◆ What needs to be done:
Find the word "whole" in the listing below. Copy every line that has it.
▼
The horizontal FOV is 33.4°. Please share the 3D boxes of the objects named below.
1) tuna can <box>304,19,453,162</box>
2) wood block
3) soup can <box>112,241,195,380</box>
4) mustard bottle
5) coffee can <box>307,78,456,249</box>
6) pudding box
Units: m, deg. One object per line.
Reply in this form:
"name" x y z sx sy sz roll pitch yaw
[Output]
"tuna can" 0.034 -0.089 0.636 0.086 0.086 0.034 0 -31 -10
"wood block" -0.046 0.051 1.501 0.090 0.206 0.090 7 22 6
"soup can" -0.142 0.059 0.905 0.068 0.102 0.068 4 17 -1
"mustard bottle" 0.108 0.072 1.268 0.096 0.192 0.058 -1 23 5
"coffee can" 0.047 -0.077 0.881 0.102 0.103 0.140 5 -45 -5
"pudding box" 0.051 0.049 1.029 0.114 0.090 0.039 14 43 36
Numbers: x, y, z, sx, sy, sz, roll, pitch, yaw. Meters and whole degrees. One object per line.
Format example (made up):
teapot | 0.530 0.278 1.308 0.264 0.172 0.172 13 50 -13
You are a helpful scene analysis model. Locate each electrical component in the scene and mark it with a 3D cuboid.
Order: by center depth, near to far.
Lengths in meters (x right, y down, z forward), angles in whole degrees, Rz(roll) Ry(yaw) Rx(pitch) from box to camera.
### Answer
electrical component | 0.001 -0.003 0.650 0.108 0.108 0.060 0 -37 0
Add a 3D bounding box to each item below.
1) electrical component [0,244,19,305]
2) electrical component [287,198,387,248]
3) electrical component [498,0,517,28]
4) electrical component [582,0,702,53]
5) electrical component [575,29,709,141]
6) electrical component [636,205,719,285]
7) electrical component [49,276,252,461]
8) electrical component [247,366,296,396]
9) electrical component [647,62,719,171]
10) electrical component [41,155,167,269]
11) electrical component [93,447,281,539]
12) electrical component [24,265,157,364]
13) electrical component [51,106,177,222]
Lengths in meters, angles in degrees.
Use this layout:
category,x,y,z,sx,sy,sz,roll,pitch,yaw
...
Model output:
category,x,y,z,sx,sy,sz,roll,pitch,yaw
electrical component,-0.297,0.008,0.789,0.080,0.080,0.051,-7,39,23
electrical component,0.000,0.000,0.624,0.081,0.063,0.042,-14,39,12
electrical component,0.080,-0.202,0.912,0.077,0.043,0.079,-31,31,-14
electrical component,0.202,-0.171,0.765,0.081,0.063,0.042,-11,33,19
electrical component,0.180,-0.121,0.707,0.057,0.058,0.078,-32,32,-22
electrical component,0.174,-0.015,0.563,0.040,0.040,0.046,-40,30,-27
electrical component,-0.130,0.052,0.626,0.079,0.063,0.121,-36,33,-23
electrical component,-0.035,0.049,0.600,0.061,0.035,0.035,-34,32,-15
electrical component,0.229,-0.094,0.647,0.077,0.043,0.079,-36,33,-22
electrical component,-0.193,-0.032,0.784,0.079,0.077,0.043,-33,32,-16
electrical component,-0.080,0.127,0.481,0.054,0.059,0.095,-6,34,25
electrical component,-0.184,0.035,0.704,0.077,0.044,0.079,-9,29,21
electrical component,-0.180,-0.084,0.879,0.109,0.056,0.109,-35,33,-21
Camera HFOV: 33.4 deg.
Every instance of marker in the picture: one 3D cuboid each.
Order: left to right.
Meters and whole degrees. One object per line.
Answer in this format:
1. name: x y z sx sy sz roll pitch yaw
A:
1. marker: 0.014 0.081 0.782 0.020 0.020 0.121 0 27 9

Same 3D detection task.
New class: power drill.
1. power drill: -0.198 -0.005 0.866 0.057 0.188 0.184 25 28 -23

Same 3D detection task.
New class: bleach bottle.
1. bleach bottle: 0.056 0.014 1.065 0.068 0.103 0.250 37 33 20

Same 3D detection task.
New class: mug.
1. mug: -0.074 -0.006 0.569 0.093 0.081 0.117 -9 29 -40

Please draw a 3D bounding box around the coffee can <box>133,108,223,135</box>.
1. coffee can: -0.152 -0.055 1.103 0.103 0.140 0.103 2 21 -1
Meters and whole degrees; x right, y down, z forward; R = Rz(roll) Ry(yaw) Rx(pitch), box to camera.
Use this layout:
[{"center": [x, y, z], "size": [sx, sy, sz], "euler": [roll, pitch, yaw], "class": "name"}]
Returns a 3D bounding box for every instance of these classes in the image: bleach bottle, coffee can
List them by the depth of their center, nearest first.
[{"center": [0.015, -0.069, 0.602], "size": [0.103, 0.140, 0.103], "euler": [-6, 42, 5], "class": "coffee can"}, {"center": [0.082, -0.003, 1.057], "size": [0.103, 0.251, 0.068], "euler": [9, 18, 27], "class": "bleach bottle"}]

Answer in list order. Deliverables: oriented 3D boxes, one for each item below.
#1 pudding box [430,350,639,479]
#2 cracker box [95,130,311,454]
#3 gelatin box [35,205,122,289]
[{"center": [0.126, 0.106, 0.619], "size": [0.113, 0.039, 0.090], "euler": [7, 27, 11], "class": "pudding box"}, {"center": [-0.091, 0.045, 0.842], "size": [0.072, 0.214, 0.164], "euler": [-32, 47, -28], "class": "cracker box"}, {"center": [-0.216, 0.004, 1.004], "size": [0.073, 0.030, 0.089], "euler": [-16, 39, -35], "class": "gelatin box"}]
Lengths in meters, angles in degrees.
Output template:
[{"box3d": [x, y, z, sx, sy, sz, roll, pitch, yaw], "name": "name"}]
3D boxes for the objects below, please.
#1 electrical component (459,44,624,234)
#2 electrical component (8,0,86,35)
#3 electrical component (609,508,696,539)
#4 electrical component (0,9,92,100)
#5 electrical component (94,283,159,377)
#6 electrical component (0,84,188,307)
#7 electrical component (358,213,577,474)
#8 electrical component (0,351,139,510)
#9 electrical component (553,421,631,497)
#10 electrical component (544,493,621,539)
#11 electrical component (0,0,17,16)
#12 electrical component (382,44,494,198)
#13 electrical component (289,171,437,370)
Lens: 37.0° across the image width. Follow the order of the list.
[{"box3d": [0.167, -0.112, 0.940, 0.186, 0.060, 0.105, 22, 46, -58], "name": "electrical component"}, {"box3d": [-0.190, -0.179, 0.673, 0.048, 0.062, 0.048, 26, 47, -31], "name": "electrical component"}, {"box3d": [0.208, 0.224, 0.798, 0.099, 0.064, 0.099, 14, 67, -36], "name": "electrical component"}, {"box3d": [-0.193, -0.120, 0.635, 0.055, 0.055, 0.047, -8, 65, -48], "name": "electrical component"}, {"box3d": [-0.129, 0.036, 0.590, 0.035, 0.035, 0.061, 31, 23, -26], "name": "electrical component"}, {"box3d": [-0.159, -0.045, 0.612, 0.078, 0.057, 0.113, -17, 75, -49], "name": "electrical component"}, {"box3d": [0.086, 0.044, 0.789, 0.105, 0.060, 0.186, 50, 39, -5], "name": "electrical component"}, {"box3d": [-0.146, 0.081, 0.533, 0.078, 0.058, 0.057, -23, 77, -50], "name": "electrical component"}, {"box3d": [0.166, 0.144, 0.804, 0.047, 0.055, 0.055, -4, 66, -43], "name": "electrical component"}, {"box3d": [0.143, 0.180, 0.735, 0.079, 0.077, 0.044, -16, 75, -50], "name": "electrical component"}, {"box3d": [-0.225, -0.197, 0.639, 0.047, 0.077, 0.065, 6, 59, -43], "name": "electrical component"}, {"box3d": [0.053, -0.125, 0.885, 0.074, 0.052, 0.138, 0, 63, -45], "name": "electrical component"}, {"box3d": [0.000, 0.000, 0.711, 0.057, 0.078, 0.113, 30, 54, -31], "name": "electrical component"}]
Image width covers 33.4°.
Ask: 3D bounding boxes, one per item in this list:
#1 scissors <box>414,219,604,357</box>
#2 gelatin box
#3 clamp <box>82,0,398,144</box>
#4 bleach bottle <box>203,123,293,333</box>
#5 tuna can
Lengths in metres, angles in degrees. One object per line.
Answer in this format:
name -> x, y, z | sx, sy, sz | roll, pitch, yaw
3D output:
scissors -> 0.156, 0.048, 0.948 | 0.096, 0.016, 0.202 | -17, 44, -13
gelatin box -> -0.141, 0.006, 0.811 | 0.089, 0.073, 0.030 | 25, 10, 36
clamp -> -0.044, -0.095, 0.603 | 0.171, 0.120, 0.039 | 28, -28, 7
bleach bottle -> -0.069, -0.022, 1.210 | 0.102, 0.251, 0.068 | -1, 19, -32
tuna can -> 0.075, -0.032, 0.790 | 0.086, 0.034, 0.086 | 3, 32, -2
▲
◆ Answer below:
Numbers: x, y, z, sx, sy, sz, roll, pitch, yaw. Meters and whole degrees. One object per line.
Lengths in meters (x right, y down, z forward), angles in whole degrees, Rz(roll) Ry(yaw) Rx(pitch) from box to camera.
Meters and whole degrees. One object per line.
Meters and whole degrees; x right, y down, z forward; R = Rz(roll) Ry(yaw) Rx(pitch), box to camera.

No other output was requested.